Troy, N.Y. — Recent advances in solid-state lighting technology are enabling the development of “designer” crops, according to Rensselaer Polytechnic Institute plant physiology expert Tessa Pocock, who serves as a senior research scientist at the Center for Lighting Enabled Systems & Applications (LESA). The impact of lighting on plants is the core focus for Pocock, who conducts research in both academic and industry settings around the mechanism of photosynthesis on plant development and regulation by light for traditional greenhouse crops and the emerging field of medicinal plants. Recently, Pocock and her team received a $25,000 grant from William Beers, Black Belt/Senior Systems Engineer at Current, powered by GE, to support continued work on sensing and signaling in plants.

In May, Beers attended Pocock’s Phosphor Global Summit 2017 seminar, titled “Sensing and Signaling Networks in Plants. What’s Light Got to Do with It?” According to Pocock, light is the primary energy source required for crop growth and development but it also contains signals that shape the plant down to sub-cellular levels. Two sensing and signaling networks exist in plants; however, their regulation is crop-specific. Pocock’s presentation focused on the assessment of lighting and spectral distributions on photosynthesis, growth, and phytochemical value. Following the presentation, Beers approached Pocock to discuss her research related to the impact of lighting on plants.

Later that month, Beers was honored by GE as one of their exceptional engineers, and received the Edison Award during a ceremony held at the GE Global Research Center. Named for Thomas Alva Edison, the Edison Award honors employee excellence in product innovation, customer service, and organizational citizenship. The award also comes with a $25,000 grant, which Beers chose to present to Pocock and her team.   
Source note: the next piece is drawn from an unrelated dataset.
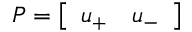<formula> <loc_0><loc_0><loc_500><loc_500>P = \left [ \begin{array} { l l } { u _ { + } } & { u _ { - } } \end{array} \right ]</formula> 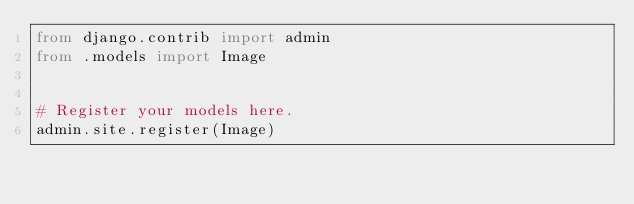<code> <loc_0><loc_0><loc_500><loc_500><_Python_>from django.contrib import admin
from .models import Image


# Register your models here.
admin.site.register(Image)


</code>

“I hope that it will be possible to develop new sensors to obtain feedback from plants enabling more efficient growth and food production, and I look forward to seeing the results from the students’ work,” said Beers.

“The generous contribution by Bill Beers and Current, powered by GE, will be used to promote training and education in the plant sciences for undergraduate engineering students at RPI,” said Pocock. “Engineered systems are important components in plant growth facilities (greenhouses and plant factories) and successful infrastructure requires intimate understanding of living systems. This award will be used to purchase equipment, such as a leaf area meter, that will be used by students to broaden the scope of their experiments.”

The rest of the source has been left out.